Task objective
Extract only the lines running from the top of the entries to the line that holds "Answer: Increasing, with". Include that line and omit the pictures.

Provided data START

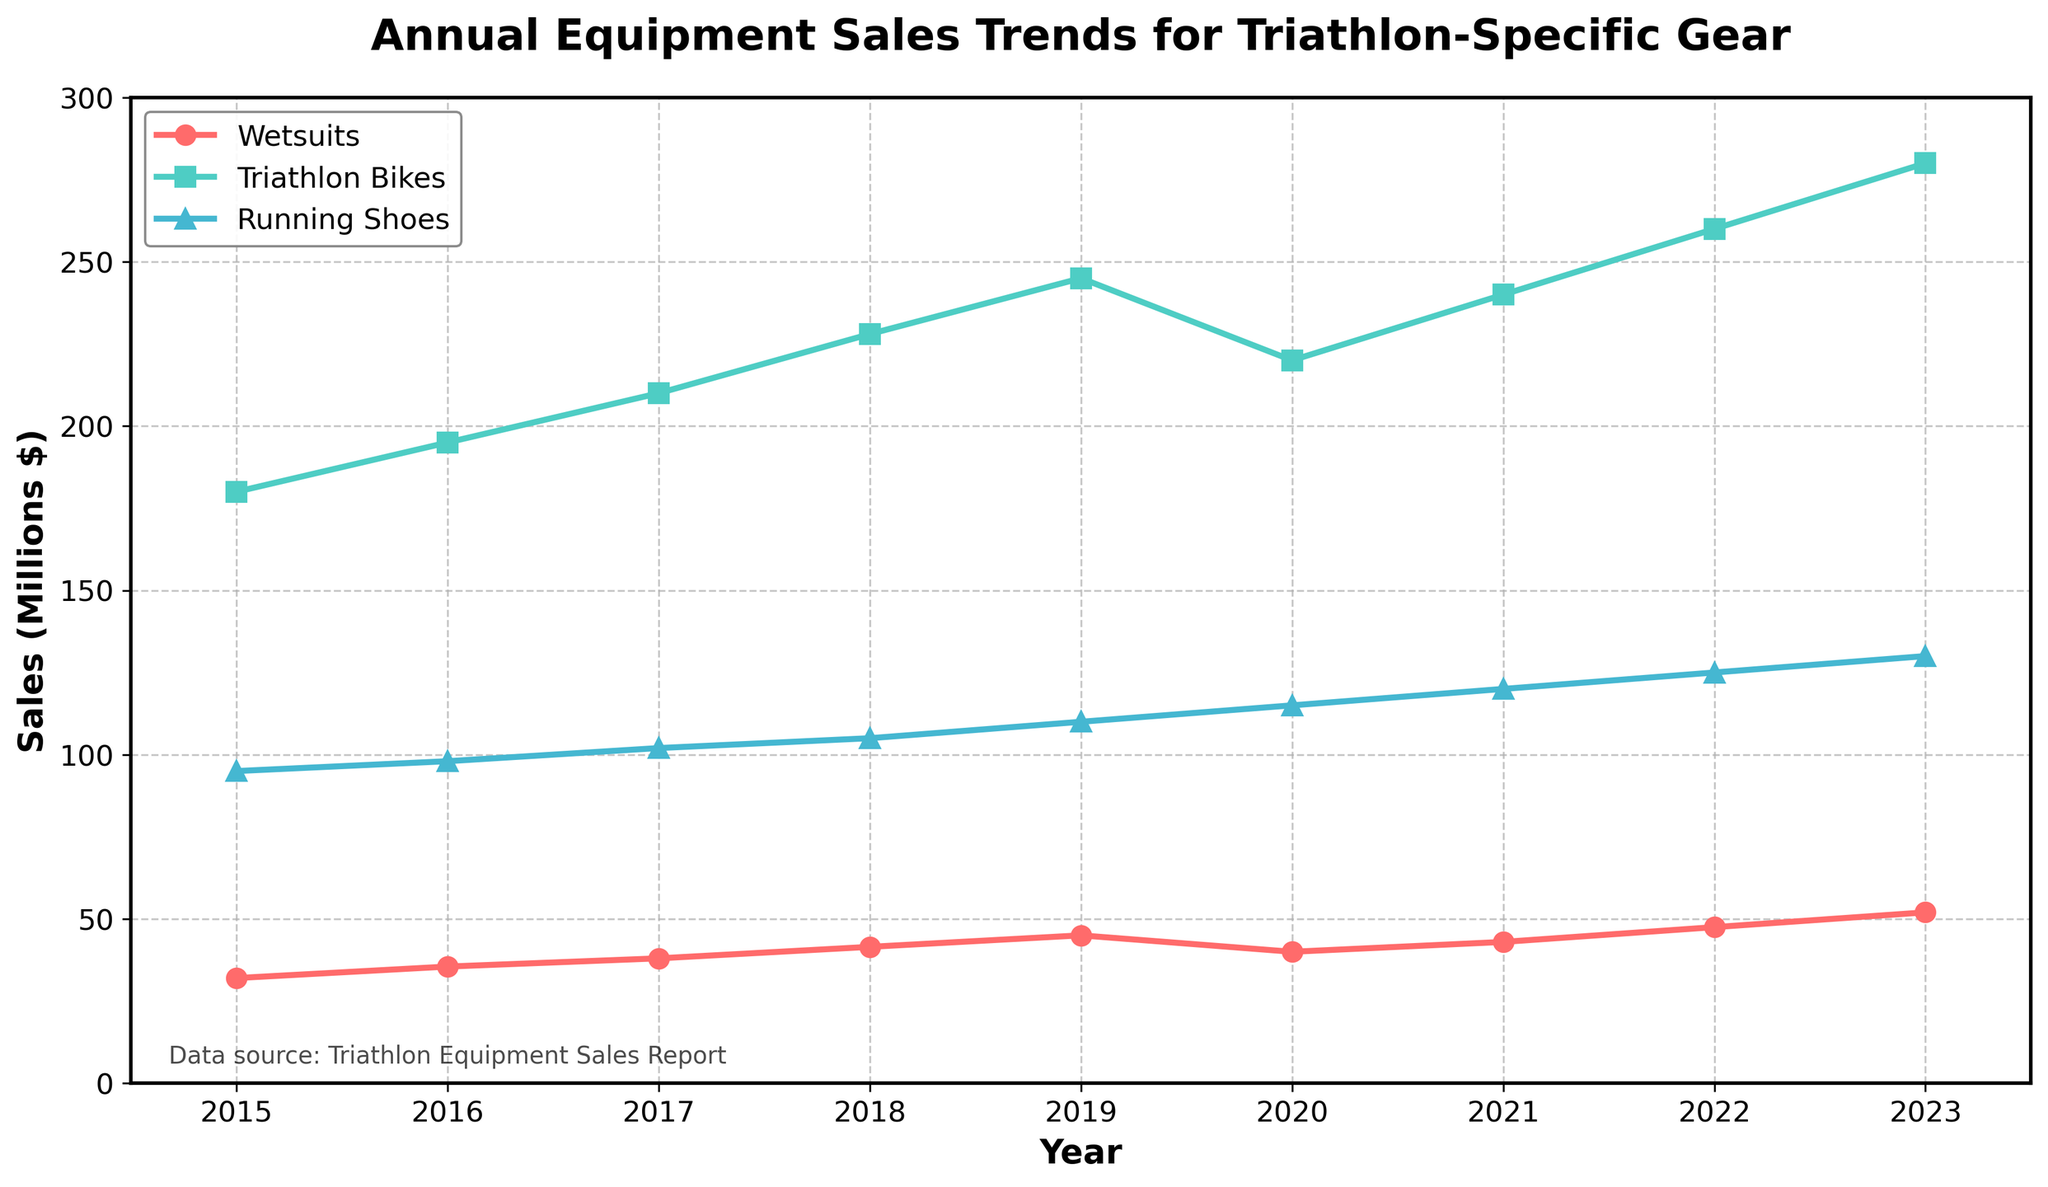What's the trend for wetsuit sales from 2015 to 2023? The wetsuit sales show a general increasing trend from 2015 to 2023, with a slight dip in 2020, and then continue rising.
Answer: Increasing, with a dip in 2020 Which category experienced the highest sales in 2023? By looking at the last year in the chart (2023), Triathlon Bikes have the highest sales compared to Wetsuits and Running Shoes.
Answer: Triathlon Bikes How much did running shoe sales increase from 2015 to 2023? Running shoe sales increased from $95 million in 2015 to $130 million in 2023. The increase is $130 million - $95 million.
Answer: $35 million In which year did wetsuit sales decline, and by how much compared to the previous year? The wetsuit sales declined in 2020. They dropped from $45 million in 2019 to $40 million in 2020, which is a decrease of $5 million.
Answer: 2020, $5 million Compare the sales trends of Triathlon Bikes and Running Shoes between 2020 and 2023. Between 2020 and 2023, Triathlon Bikes sales increased from $220 million to $280 million, while Running Shoes sales increased from $115 million to $130 million. Both categories show an upward trend but Triathlon Bikes increased more in absolute terms.
Answer: Both increased, Triathlon Bikes more Which category had the smallest increase in sales from 2015 to 2023? By calculating the difference for each category, Wetsuits increased by $20 million ($52 million - $32 million), Triathlon Bikes increased by $100 million ($280 million - $180 million), and Running Shoes increased by $35 million ($130 million - $95 million). The smallest increase is in Wetsuit sales.
Answer: Wetsuits What is the overall increase in triathlon-specific equipment sales from 2015 to 2023 for all categories combined? Summing up the increases: Wetsuits ($32 million to $52 million), Triathlon Bikes ($180 million to $280 million), and Running Shoes ($95 million to $130 million), we get ($20 million + $100 million + $35 million).
Answer: $155 million What year did the sales of Triathlon Bikes surpass $200 million? The sales of Triathlon Bikes surpassed $200 million in 2017, as sales reached $210 million that year.
Answer: 2017 Which year had the largest combined sales for all three categories? Combined sales are highest in 2023. Adding up the sales for each category, we get Wetsuits ($52 million) + Triathlon Bikes ($280 million) + Running Shoes ($130 million).
Answer: 2023 What visual elements indicate the dip and subsequent recovery in Wetsuit sales? The plot shows a visible dip in the line representing Wetsuits around the year 2020 and then an upward trend in the subsequent years, resuming the increasing trend.
Answer: Dip in 2020, recovery afterward

Provided data END

Written reply
What's the trend for wetsuit sales from 2015 to 2023? The wetsuit sales show a general increasing trend from 2015 to 2023, with a slight dip in 2020, and then continue rising.
Answer: Increasing, with a dip in 2020 Which category experienced the highest sales in 2023? By looking at the last year in the chart (2023), Triathlon Bikes have the highest sales compared to Wetsuits and Running Shoes.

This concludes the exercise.